Aku terdiam seperti tampak tidak mengerti.
“Baiklah, kalau begitu kamu  lekas tidur sana,” kata Ayah menyerah dan hendak pergi. Aku meraih
tangannya sambil berkata.
“Ayah, yang aku tau tentang diriku, aku hanya ingin bersamamu. Itu saja cukup. Aku tau, aku tidak
mendengar dan tidak mengerti apa itu mendengar, tapi aku merasa cukup dengan keadaanku saat
ini. Aku bahagia memiliki teman-teman yang bisa bermain bersamaku. Tidak sulit buat aku bicara
dengan mereka.”
“Tapi kelak kamu harus mencoba untuk hidup dengan lingkungan berbeda. Karena kamu akan terus
tumbuh menjadi besar.”
“Hmm… teman-temanku juga akan tumbuh dewasa dan sama dengan kondisiku.”
“Kamu memangnya tidak ingin punya teman yang bisa mendengar?”
Aku terdiam.

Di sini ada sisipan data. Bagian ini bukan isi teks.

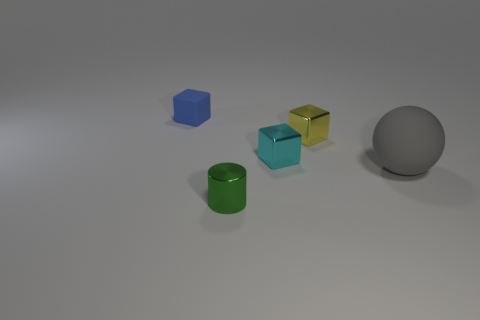Subtract 1 blocks. How many blocks are left? 2 Add 2 tiny green things. How many objects exist? 7 Subtract all blocks. How many objects are left? 2 Subtract all gray rubber balls. Subtract all small green cylinders. How many objects are left? 3 Add 2 small yellow blocks. How many small yellow blocks are left? 3 Add 4 yellow shiny objects. How many yellow shiny objects exist? 5 Subtract 0 brown cubes. How many objects are left? 5

Belum pernah terpikir olehku memiliki teman yang bisa mendengar, malah berpikir
bahwa bisa mendengar adalah sesuatu yang aneh.
“Aku tidak pernah berpikir tentang itu,” jawabku.
“Baiklah, lupakan pertanyaan  Ayah hari ini, lekas tidur. Besok kamu kan harus sekolah. Ayah tidak
ingin kamu terlambat bangun. Oke?”
“Oke,” jawabku.
“Selamat malam Ayah…” ucapku pada  Ayah yang langsung menjawab dengan tersenyum.
Sejak malam itu, aku mulai berpikir tentang sebuah pertanyaan dari Ayah. Apakah aku bisa memiliki
teman lain selain teman-temanku  yang tunarungu? Bagaimana rasanya memiliki teman yang bisa
mendengar? Bagiku, melihat orang lain bicara adalah sesuatu yang aneh. Dalam  duniaku hanya ada
satu cara untuk berkomunikasi yaitu lewat bahasa tangan. Ayah sungguh membuatku bingung dan
berpikir tanpa henti dengan pertanyaan-pertanyannya.